Functions in Rust
Functions are fundamental building blocks in Rust. They allow you to organize code into reusable units.
Function Basics
Define a function using the fn keyword:
fn main() {
greet();
}
fn greet() {
println!("Hello, Rust!");
}
Function Parameters
Functions can accept parameters:
fn main() {
greet_user("Alice");
greet_user("Bob");
}
fn greet_user(name: &str) {
println!("Hello, {}!", name);
}
Multiple Parameters
fn main() {
print_sum(5, 10);
}
fn print_sum(x: i32, y: i32) {
println!("{} + {} = {}", x, y, x + y);
}
Return Values
Use -> to specify return type:
fn main() {
let result = add(5, 3);
println!("5 + 3 = {}", result);
}
fn add(x: i32, y: i32) -> i32 {
x + y // No semicolon - this is the return value
}
Explicit Return
fn main() {
let result = calculate(10, 5, '+');
println!("Result: {}", result);
}
fn calculate(a: i32, b: i32, op: char) -> i32 {
if op == '+' {
return a + b;
} else if op == '-' {
return a - b;
}
0 // Default return
}
Statements vs Expressions
Understanding the difference is crucial in Rust:
fn main() {
let y = {
let x = 3;
x + 1 // Expression (no semicolon)
};
println!("y = {}", y); // Prints: y = 4
}
Functions are Expressions
fn main() {
let result = add_one(5);
println!("Result: {}", result);
}
fn add_one(x: i32) -> i32 {
x + 1 // The entire function body is an expression
}
Function Pointers
Functions can be stored in variables:
fn main() {
let my_func: fn(i32, i32) -> i32 = add;
let result = my_func(5, 3);
println!("Result: {}", result);
}
fn add(a: i32, b: i32) -> i32 {
a + b
}
Generic Functions
Functions can work with multiple types:
fn main() {
let int_result = largest(5, 10);
let char_result = largest('a', 'z');
println!("Larger int: {}", int_result);
println!("Larger char: {}", char_result);
}
fn largest<T: PartialOrd>(a: T, b: T) -> T {
if a > b {
a
} else {
b
}
}
Methods
Methods are functions defined within the context of a struct:
struct Rectangle {
width: f64,
height: f64,
}
impl Rectangle {
// Method
fn area(&self) -> f64 {
self.width * self.height
}
// Associated function (like static method)

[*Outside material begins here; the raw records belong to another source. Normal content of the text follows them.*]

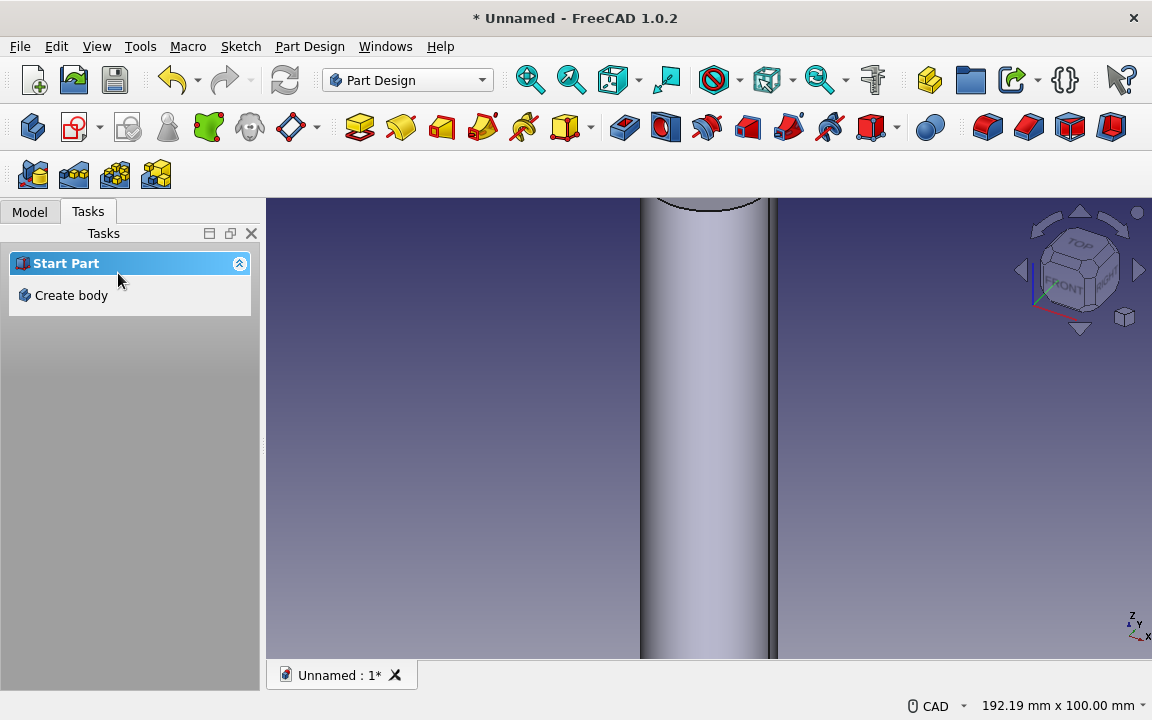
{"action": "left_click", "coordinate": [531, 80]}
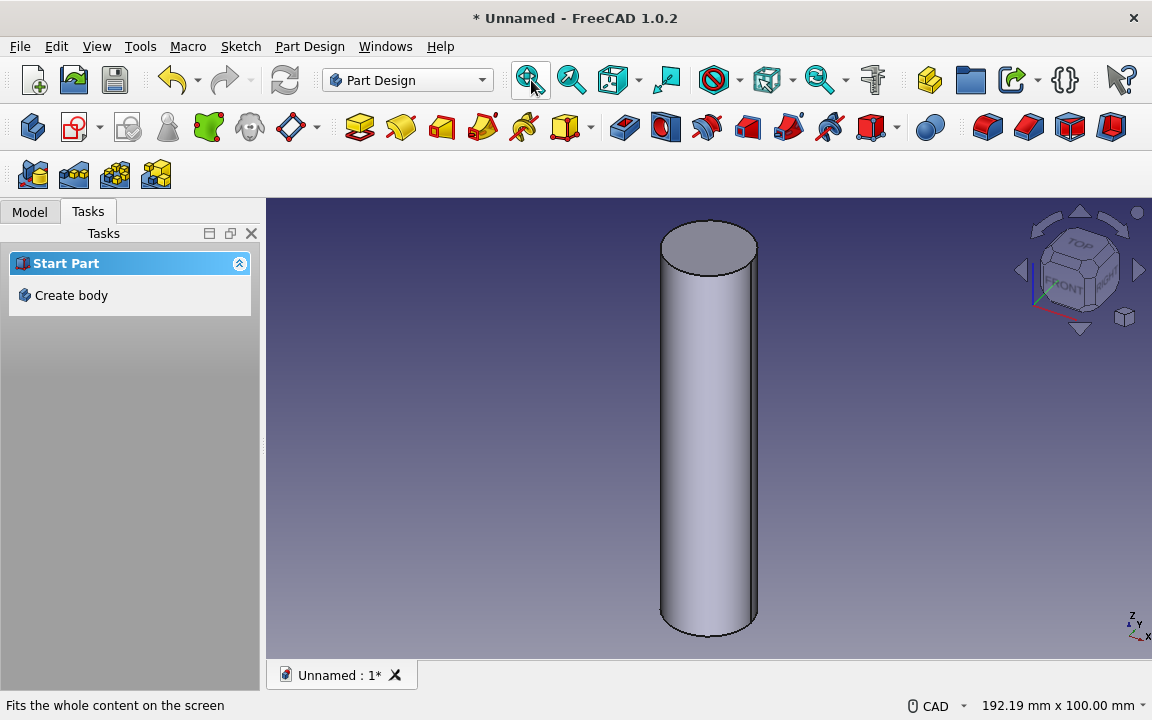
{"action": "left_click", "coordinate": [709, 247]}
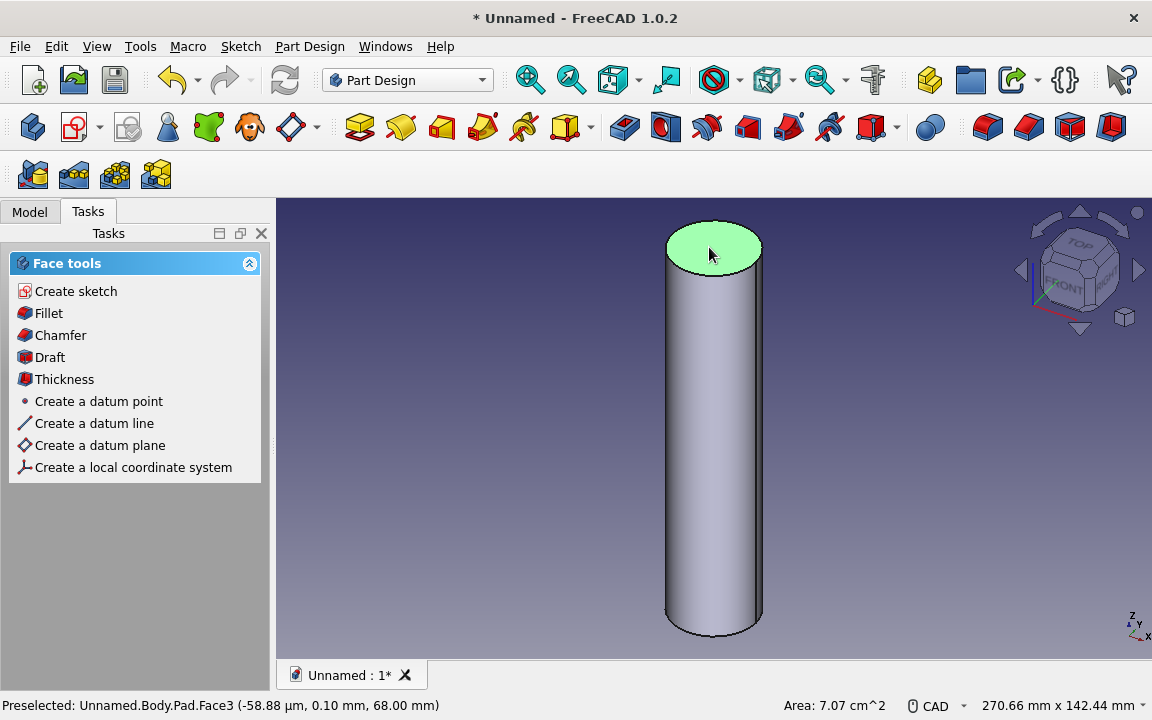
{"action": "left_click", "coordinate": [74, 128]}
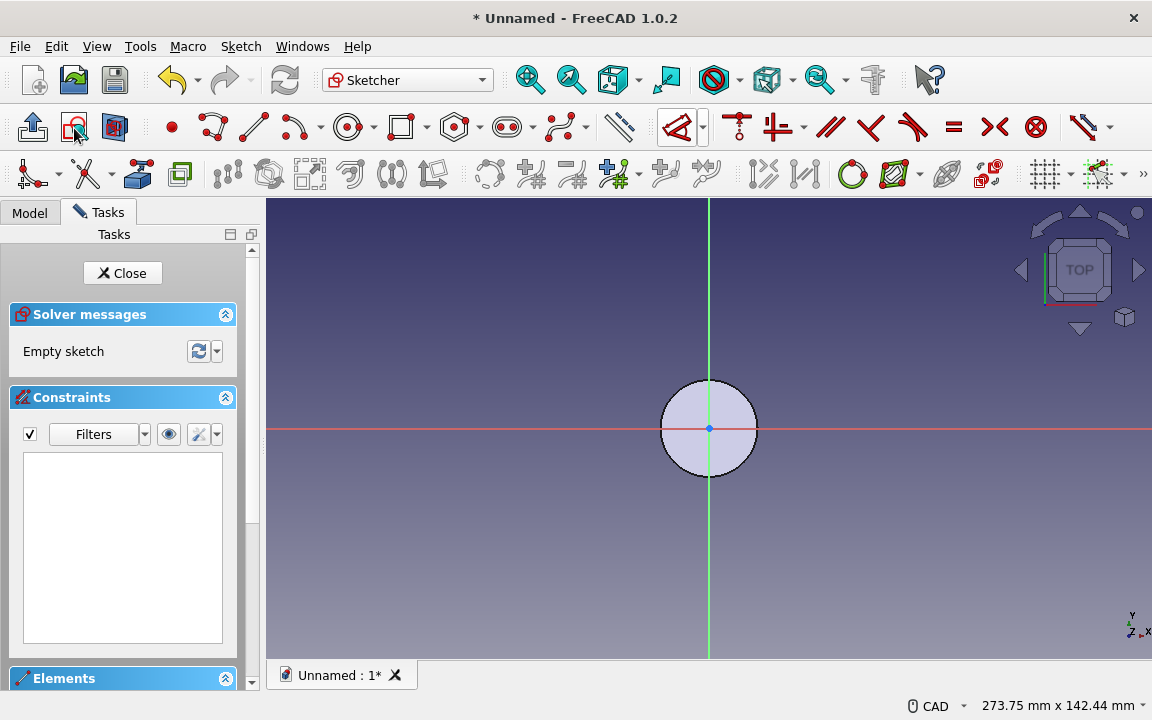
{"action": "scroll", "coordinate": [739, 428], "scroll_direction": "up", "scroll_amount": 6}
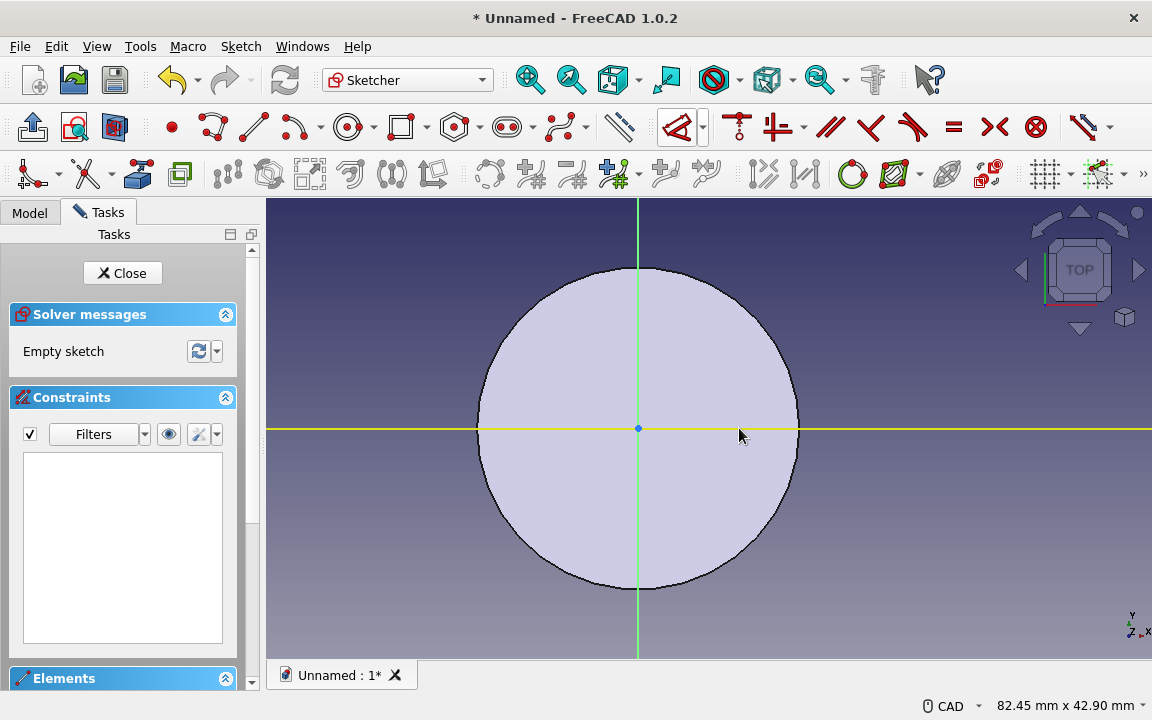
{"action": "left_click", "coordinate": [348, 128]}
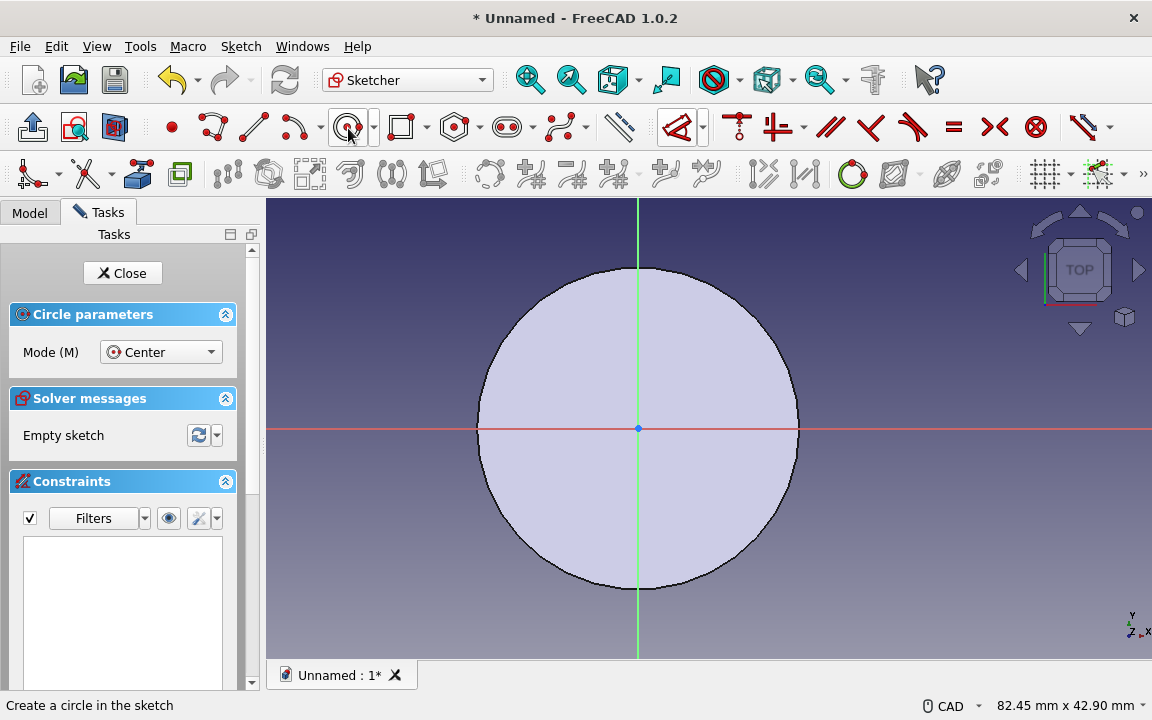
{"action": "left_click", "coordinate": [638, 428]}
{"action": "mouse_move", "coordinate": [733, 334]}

fn new(width: f64, height: f64) -> Rectangle {
Rectangle { width, height }
}
}
fn main() {
let rect = Rectangle::new(10.0, 20.0);
println!("Area: {}", rect.area());
}
Higher-Order Functions
Functions that take or return other functions:
fn main() {
let numbers = vec![1, 2, 3, 4, 5];
let result = apply_to_vec(&numbers, double);
println!("Doubled: {:?}", result);
}
fn apply_to_vec(vec: &Vec<i32>, f: fn(i32) -> i32) -> Vec<i32> {
vec.iter().map(|&x| f(x)).collect()
}
fn double(x: i32) -> i32 {
x * 2
}
Recursion
Functions can call themselves:
fn main() {
println!("Factorial of 5: {}", factorial(5));
println!("Fibonacci 10th: {}", fibonacci(10));
}
fn factorial(n: u32) -> u32 {
if n <= 1 {
1
} else {
n * factorial(n - 1)
}
}
fn fibonacci(n: u32) -> u32 {
match n {
0 => 0,
1 => 1,
_ => fibonacci(n - 1) + fibonacci(n - 2),
}
}
Function Overloading
Rust doesn't support traditional overloading, but you can use traits:
trait Display {
fn display(&self);
}
impl Display for i32 {
fn display(&self) {
println!("Integer: {}", self);
}
}
impl Display for String {
fn display(&self) {
println!("String: {}", self);
}
}
fn main() {
42.display();
String::from("Hello").display();
}
Diverging Functions
Functions that never return use ! type:
fn main() {
let x = 5;
if x < 0 {
crash("x cannot be negative");
}
println!("x is positive");
}
fn crash(msg: &str) -> ! {
panic!("{}", msg);
}
Best Practices
1. Keep Functions Small
// Good
fn calculate_area(width: f64, height: f64) -> f64 {
width * height
}
fn calculate_perimeter(width: f64, height: f64) -> f64 {
2.0 * (width + height)
}
// Less good
fn calculate_rectangle_properties(width: f64, height: f64) -> (f64, f64) {
let area = width * height;
let perimeter = 2.0 * (width + height);
(area, perimeter)
}
2. Use Descriptive Names
// Good
fn is_valid_email(email: &str) -> bool {
email.contains('@') && email.contains('.')
}
// Less good
fn check(s: &str) -> bool {
s.contains('@') && s.contains('.')
}
3. Document Your Functions
/// Calculates the nth Fibonacci number
///
/// # Arguments
/// * `n` - The position in the Fibonacci sequence
///
/// # Returns
/// The nth Fibonacci number
fn fibonacci(n: u32) -> u32 {
match n {
0 => 0,
1 => 1,
_ => fibonacci(n - 1) + fibonacci(n - 2),
}
}
Practical Examples
Password Validator
fn main() {
let password = "MyP@ssw0rd";
if is_strong_password(password) {
println!("Password is strong");
} else {
println!("Password is weak");
}
}
fn is_strong_password(password: &str) -> bool {
password.len() >= 8 &&
password.chars().any(|c| c.is_uppercase()) &&
password.chars().any(|c| c.is_lowercase()) &&
password.chars().any(|c| c.is_numeric()) &&
password.chars().any(|c| !c.is_alphanumeric())
}
Temperature Converter
fn main() {
let celsius = 25.0;
let fahrenheit = celsius_to_fahrenheit(celsius);
println!("{}°C = {}°F", celsius, fahrenheit);
let fahrenheit = 77.0;
let celsius = fahrenheit_to_celsius(fahrenheit);
println!("{}°F = {}°C", fahrenheit, celsius);
}
fn celsius_to_fahrenheit(c: f64) -> f64 {
c * 9.0 / 5.0 + 32.0
}
fn fahrenheit_to_celsius(f: f64) -> f64 {
(f - 32.0) * 5.0 / 9.0
}